Dana: The BitLox is the same profile as a credit card, but just 4 mm thick. This package contains a Bluetooth Low Energy module, processor, sub-processor for USB, e-paper screen, battery and the keypad circuitry. It’s quite a challenge fitting all of this into such a form factor. The housing itself is metal, in the case of the advanced version, is machined from 6062 aircraft aluminum. The extreme [model] takes it further, in that the case is machined from a solid block of titanium, and the faceplate is also titanium. Using metal as the housing is a serious manufacturing challenge, but the end result is worth it. The wallets can be put in your pocket with no chance of bending or deformation, with the added benefit of being practically impervious to breakage.
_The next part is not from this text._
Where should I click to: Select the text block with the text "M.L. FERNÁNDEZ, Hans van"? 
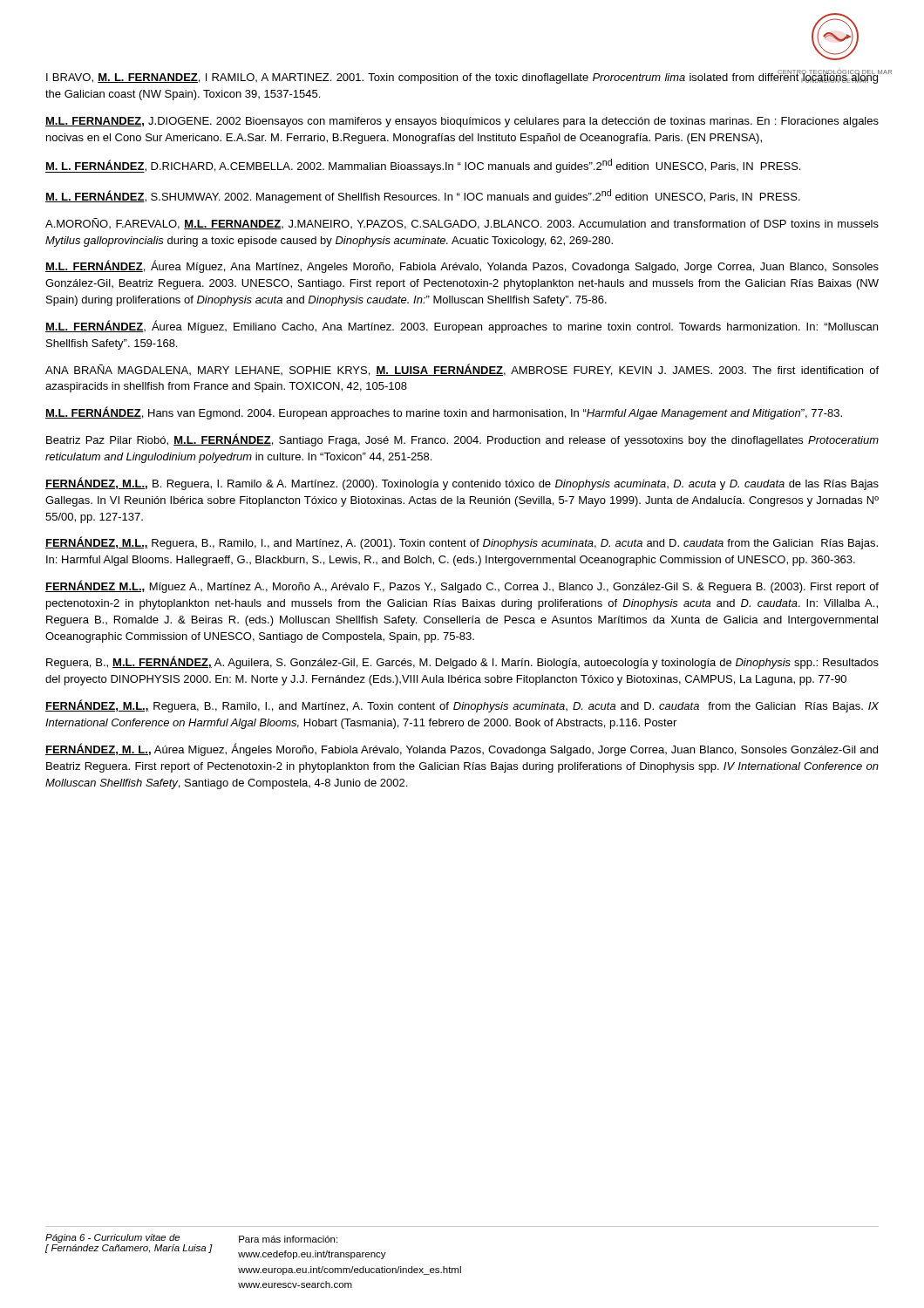click(x=444, y=413)

Carlo: Can you go over the privacy features of BitLox and how the wallet utilizes Darknet access tools?
Dana: BitLox is designed from the ground up to protect your privacy. No-one can get into the device without the user-set PIN, and each individual wallet is further protected with a PIN. One can even set a PIN that must be entered for each transaction if you want to go that far. When setting up the BitLox, there is no registration process, no identity verification or anything of the sort. BitLox uses HD wallets so that each time you use an address, a new receiving address is generated for you. This is the recommended practice for keeping your transactions private, as one cannot have a predictable address for people to monitor.
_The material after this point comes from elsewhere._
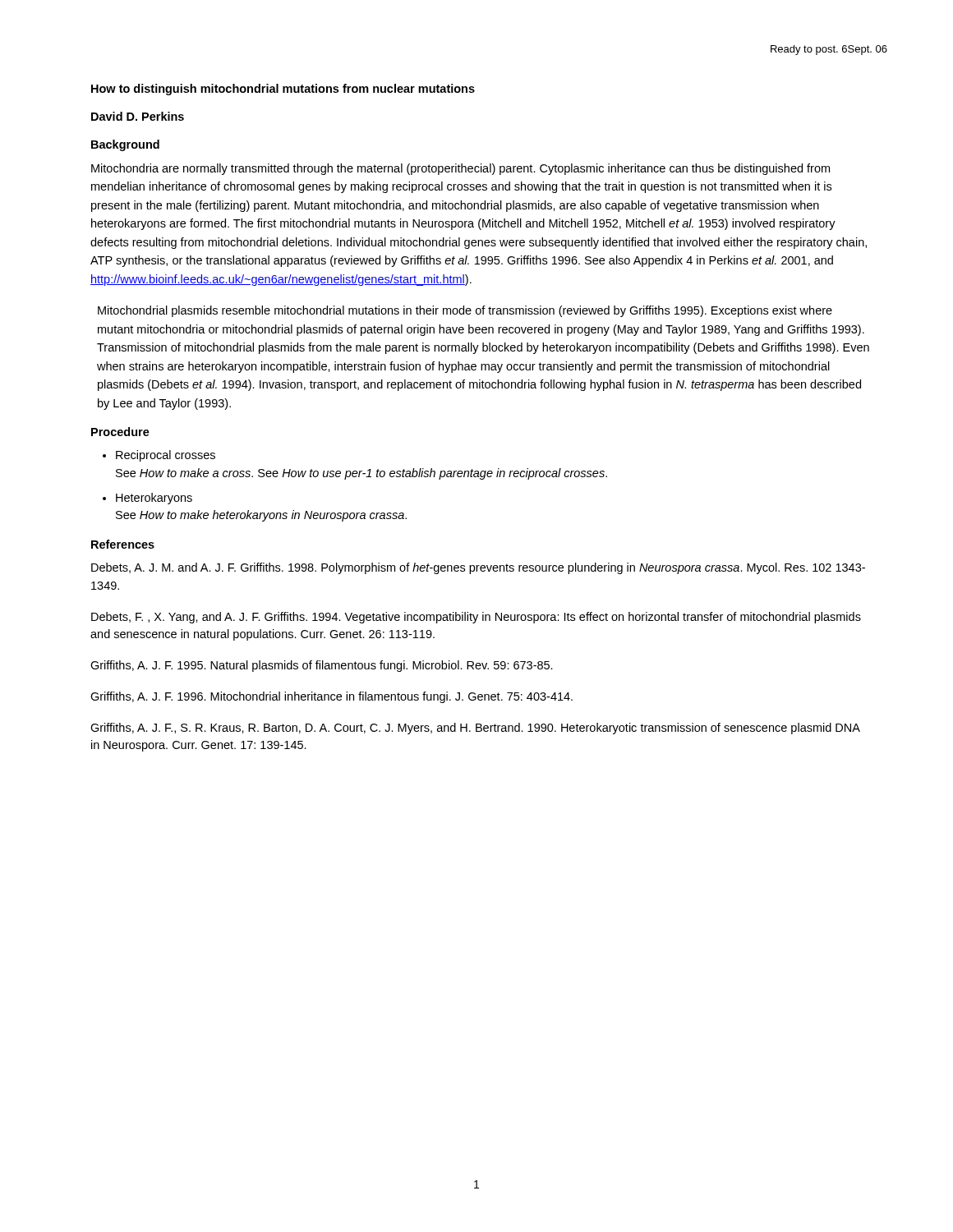Point to the passage starting "Griffiths, A. J. F. 1996. Mitochondrial inheritance"
The height and width of the screenshot is (1232, 953).
(332, 696)
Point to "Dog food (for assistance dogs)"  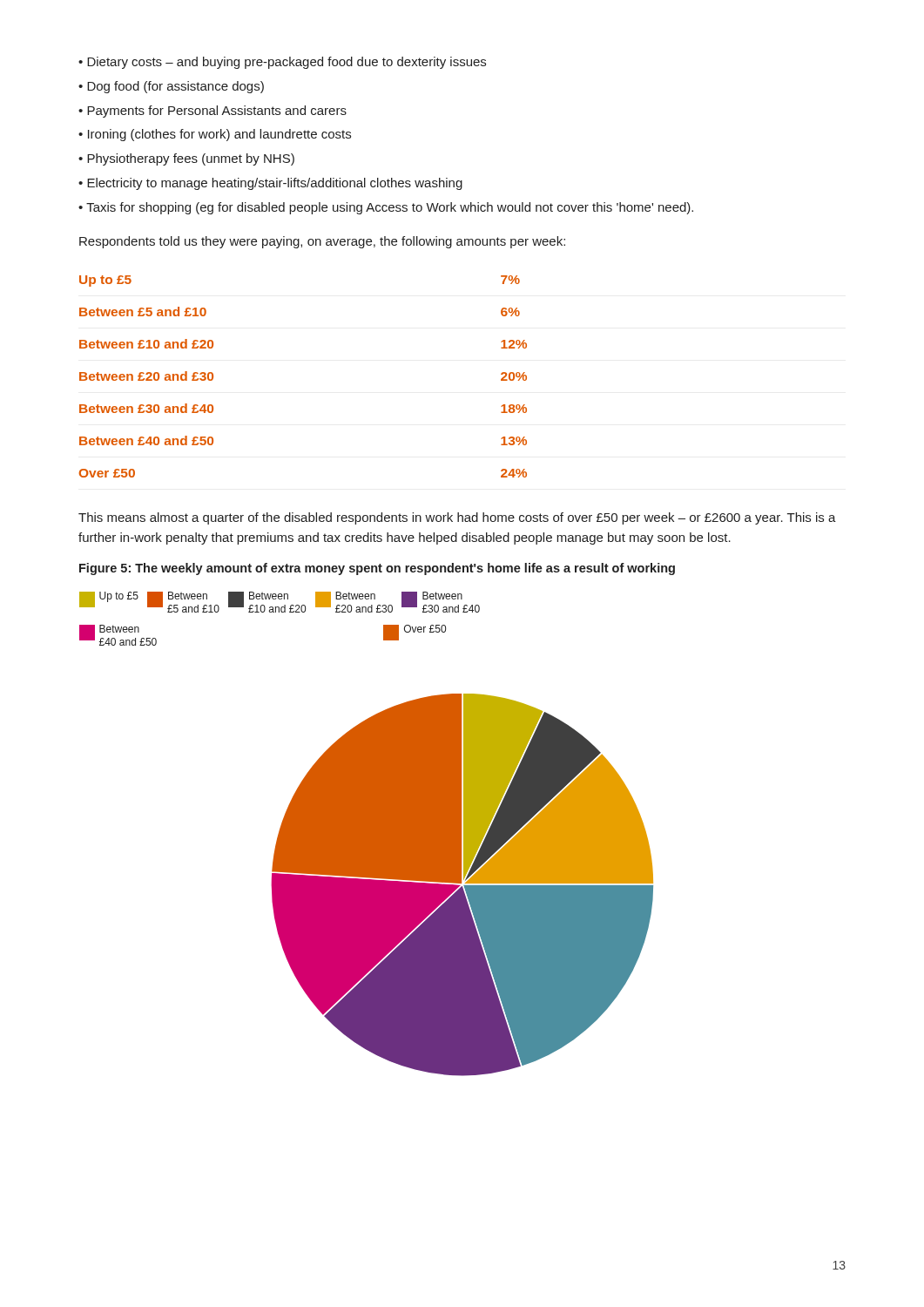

The Darknet tools are designed to obfuscate the necessary queries to the blockchain that are needed to compute your wallet balance and compose transactions. By having addresses that are single use (funds in then funds out), plus obscuring the geographical destination of any queries to these addresses, we feel it does a lot to help anonymize user’s transactions.
Carlo: If people are just getting involved with bitcoin, would you recommend this product to them? In other words, how much experience with the bitcoin space do you need to successfully use BitLox?
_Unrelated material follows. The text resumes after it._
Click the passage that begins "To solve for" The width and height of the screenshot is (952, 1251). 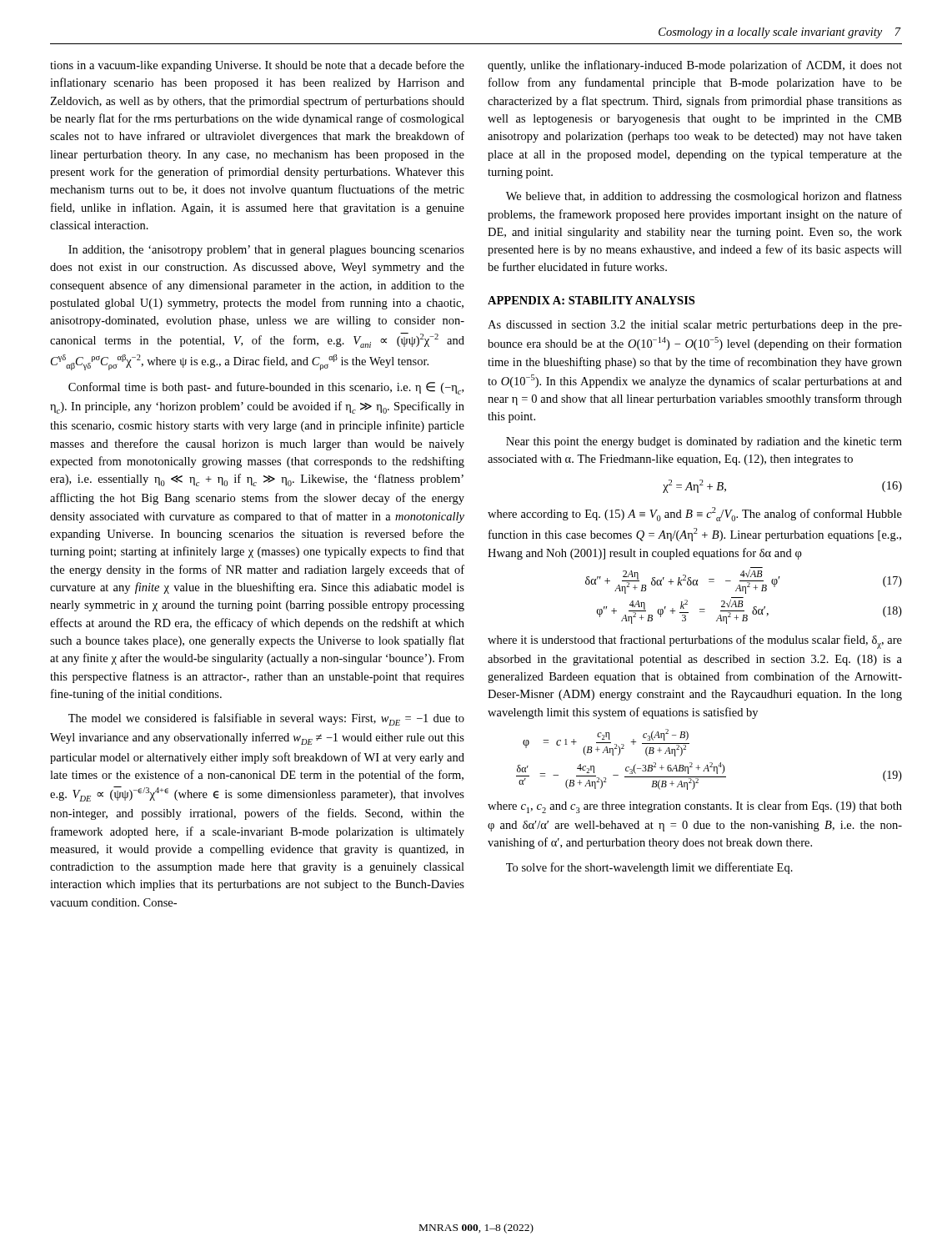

Dana: Bitcoin on any level can be daunting for a beginner, and it can be scary with online wallets to realize your funds can sometimes be at their mercy. We try to make the user more autonomous from the beginning. We’ve tried to make the design as familiar to people as online banking authorization tokens are. When doing a standard setup of the device, the user chooses a language, gets a device pincode, a wallet pincode, a mnemonic list to write down, and -boom- they are ready. Their first deposit address is displayed on the BitLox, ready to accept funds into their wallet.
Carlo: Can you give us a breakdown of the product line? What’s the difference between BitLox advanced, BitLox Ultimate and BitLox Extreme Privacy Set?
Dana: The Advanced and Ultimate sets are differentiated by the case materials, aircraft aluminum for the Advanced, Titanium for the Extreme. Titanium is known for its extreme corrosion resistance and being as strong as steel while being only slightly heavier than aluminum. The Extreme Privacy Set comes with an extra military-grade USB vault, which we pre-load with Tails OS for the user. The idea is for the user to use the vault to boot their computer, guaranteeing a fresh OS, plus they then use the Darknet tools with the Tails OS. Once they pull the vault out of the machine, it’s as if the session they just had never happened, no traces whatsoever.
Carlo: Can you tell us of any use cases so far where BitLox has been an asset?
Dana: We’ve had numerous people contact us regarding using the BitLox as a long term storage medium for their higher value wallets, even one customer who wanted to prepare funds for his heirs in this manner.
Carlo: How has the bitcoin community reacted to BitLox so far?
Dana: Very well! All of the people I’ve interacted with have commented on how the device itself feels like such a premium product, with the metal case and just the right amount of heft.
Carlo: Is there anything else you’d like to add?
Dana: This is more about Bitcoin in general (my words): The most amazing thing in all of this is that with but a string of words one may store wealth securely without relying on authority to vouch for it. It is all the magic of the Numbered Swiss Bank Account without the all-too human bankers that can be – and sadly these years have been – heavily pressured into giving up their clients at the whims of the authoritarian State.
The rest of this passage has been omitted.